Pipeline of our nodule classification method. Three dimensional patches of nodules and non-nodules are extracted and pre-processing is conducted to balance the ratio of nodules to non-nodules. A three dimensional deep convolutional neural network (3D DCNN) with shortcut layer connections and a 3D DCNN with dense layer connections are trained on the prepared dataset for nodule classification. Finally, the checkpoint ensemble method is applied to boost performance of our nodule classification method

The remainder of this paper is organized as follows. We first introduce the related works on the nodule classification task. The details of our 3D DCNN and the checkpoint ensemble method are described in the “Method” section. The dataset, pre-processing step, experimental setups, and experimental results are reported in the “Experiment and result” section. The discussion and final conclusions are provided in the “Conclusion” section.

As the performance of medical imaging devices improves, the number of high quality medical images continues to increase. The rapid increase in the number of medical images is already a burden to medical experts. The need for efficient diagnostic decision support tools that provide consistent results, reliable performance, and rapid processing has emerged [3, 5]. Several studies on effective medical image analysis methodology have been conducted. Medical image analysis methods have evolved from pattern recognition using a simple image filter and machine learning methods based on feature engineering to deep learning based methods. Deep learning methods that automatically extract features from images have become the most popular approach. Deep learning is applied to various types of medical images such as lung CT scans [9], mammograms [10], histopathology images [11], and PET/CT images [12], and achieves state-of-the-art analysis performance.

Several studies in the field of lung CT scan analysis have devoted their efforts to developing robust and efficient lung nodule classification methods. Since using shape features of lung nodules was the dominant method, most studies focused on designing representative hand-crafted features of lung nodules. Unfortunately, the wide variation in lung nodules in CT scans prevents conventional machine learning models with hand-crafted features from performing consistently [13, 14].

As deep learning models produced promising results for image classification, deep learning nodule classification methods that did not use manual features were proposed to overcome the problems of conventional machine learning methods that used hand-crafted features.
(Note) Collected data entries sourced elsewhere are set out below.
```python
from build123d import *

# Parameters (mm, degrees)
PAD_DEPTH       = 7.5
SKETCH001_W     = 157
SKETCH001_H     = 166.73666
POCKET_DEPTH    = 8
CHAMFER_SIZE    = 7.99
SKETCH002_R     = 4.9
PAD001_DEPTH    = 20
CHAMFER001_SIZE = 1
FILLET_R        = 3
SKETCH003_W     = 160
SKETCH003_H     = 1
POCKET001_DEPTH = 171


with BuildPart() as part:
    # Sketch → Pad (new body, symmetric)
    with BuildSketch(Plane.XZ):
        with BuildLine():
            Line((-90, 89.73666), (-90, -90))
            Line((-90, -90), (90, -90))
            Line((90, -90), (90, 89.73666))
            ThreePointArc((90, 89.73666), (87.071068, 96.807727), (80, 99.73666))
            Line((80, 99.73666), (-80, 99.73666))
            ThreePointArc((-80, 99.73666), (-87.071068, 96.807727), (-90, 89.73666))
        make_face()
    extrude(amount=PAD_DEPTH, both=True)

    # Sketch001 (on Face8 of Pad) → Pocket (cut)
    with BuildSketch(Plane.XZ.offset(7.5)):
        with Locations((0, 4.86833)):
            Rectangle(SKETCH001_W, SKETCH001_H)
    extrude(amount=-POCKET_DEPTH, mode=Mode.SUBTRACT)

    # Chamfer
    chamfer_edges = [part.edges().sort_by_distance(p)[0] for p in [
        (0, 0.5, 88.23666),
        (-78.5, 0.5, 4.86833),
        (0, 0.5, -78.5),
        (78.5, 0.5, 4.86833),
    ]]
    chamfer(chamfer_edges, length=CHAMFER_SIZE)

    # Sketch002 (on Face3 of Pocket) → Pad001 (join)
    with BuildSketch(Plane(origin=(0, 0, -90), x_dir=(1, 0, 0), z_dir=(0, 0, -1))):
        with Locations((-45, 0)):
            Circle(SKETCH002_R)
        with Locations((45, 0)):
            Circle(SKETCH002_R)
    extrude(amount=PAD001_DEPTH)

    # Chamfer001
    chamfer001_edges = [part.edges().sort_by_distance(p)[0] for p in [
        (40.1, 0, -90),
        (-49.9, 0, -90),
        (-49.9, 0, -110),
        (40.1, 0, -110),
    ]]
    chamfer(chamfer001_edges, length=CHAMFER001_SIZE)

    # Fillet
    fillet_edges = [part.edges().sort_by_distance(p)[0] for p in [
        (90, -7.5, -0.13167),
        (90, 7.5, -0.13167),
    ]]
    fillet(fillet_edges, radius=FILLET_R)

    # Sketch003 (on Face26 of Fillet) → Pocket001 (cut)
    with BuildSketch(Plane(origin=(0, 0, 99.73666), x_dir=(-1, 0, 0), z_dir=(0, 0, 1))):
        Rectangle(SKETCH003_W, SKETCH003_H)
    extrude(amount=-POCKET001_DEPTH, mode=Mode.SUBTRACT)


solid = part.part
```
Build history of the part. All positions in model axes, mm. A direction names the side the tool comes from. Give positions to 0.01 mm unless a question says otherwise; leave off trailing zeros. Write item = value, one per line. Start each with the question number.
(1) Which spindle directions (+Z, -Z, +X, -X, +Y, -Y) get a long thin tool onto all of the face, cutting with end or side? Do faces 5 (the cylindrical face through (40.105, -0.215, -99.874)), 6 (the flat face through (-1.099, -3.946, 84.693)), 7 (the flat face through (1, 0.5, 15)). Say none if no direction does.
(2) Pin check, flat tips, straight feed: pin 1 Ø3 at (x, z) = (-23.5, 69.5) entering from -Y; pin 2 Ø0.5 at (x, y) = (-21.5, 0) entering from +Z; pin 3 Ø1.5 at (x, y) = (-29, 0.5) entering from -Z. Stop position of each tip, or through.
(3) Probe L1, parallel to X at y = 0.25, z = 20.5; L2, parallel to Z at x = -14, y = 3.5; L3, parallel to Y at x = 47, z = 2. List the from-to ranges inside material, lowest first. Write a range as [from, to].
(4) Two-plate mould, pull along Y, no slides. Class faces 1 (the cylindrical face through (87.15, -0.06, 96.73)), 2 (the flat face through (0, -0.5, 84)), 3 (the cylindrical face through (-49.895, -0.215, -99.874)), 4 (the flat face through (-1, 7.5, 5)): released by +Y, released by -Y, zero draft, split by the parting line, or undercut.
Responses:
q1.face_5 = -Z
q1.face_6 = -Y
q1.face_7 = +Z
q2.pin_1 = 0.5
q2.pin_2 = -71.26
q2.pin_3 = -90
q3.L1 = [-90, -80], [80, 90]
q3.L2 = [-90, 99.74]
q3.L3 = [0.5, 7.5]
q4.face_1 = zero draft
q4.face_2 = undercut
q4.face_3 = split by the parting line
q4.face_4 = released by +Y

A convolutional auto-encoder that was employed to automatically capture the shapes of nodules outperformed traditional machine learning models with hand-crafted features [15, 16]. Also, nodule classification methods using simple 2D convolutional neural networks (2D CNNs) trained on cross-sectional images were proposed [17, 18]. These methods outperformed the methods that use a neural network or a stacked auto-encoder (SAE).

Although the methods using 2D CNN enhanced performance, they could not utilize all the 3D information of CT scans, which is the most important feature of CT scans. Several studies applied 2D CNN with some adjustments to address this problem. To capture 3D information, various cross-sectional images presented in various views were used [9, 19, 20]. Specifically, three CNNs trained on three different-sized images in axial, sagittal, and coronal views, respectively, were used. The last layers of the CNNs were put together to predict the final result [19]. Another method used additional hand-crafted 3D features. Pre-defined 3D features of nodules were manually extracted and features of 2D nodules were extracted using a 2D DCNN. Both sets of features were combined and used as input to a Random Forest (RF) classifier [21].

To overcome the limitations of the methods that use 2D CNN, which cannot solve the fundamental problem, methods using 3D CNN have recently been proposed. A method using a shallow 3D CNN that can receive a 3D patch as an input was proposed [22]. The authors used three 3D CNNs with different input sizes. The three 3D CNNs were trained separately and the final class prediction was made by the linear combination of their results [23]. Furthermore, entire pipelines that can perform nodule detection and false positive reduction were introduced. A specialized object detection deep learning model was employed to find lung nodule candidates from 2D CT slices. Also, a 2D CNN [9] and a 3D CNN [24] were applied to classify nodules for reducing false positives.

All the above-mentioned methods achieved high performance, but there is still room for improvement. As nodule classification is a complex task due to the numerous and diverse features of nodules, a deep network structure is needed. In this paper, we propose a nodule classification method that uses an extremely deep three dimensional convolutional neural network, which vastly differs from a shallow 3D CNN commonly used in existing nodule classification studies. In addition, an ensemble method is used to help boost nodule classification performance.

Method

Layer connection

When training deep convolutional neural networks (DCNNs), the weights of DCNNs are updated by calculating the gradient of the loss function. The gradient is initially calculated in the last layer and flows toward the first layer by sequentially updating itself. The gradient at a layer depends on the gradient of its previous layer. This updating process is called back-propagation [25]. Also, the depth of the network is important in back-propagation. While back-propagation works well in shallow networks, gradients gradually vanish as they move from the last layer to the first layer of an extremely deep structured CNN. This is known as the vanishing gradient problem which is mainly attributed to poor back-propagation, and makes the training process less efficient [26, 27]. Therefore, neatly stacking convolution layers in DCNN does not guarantee high performance.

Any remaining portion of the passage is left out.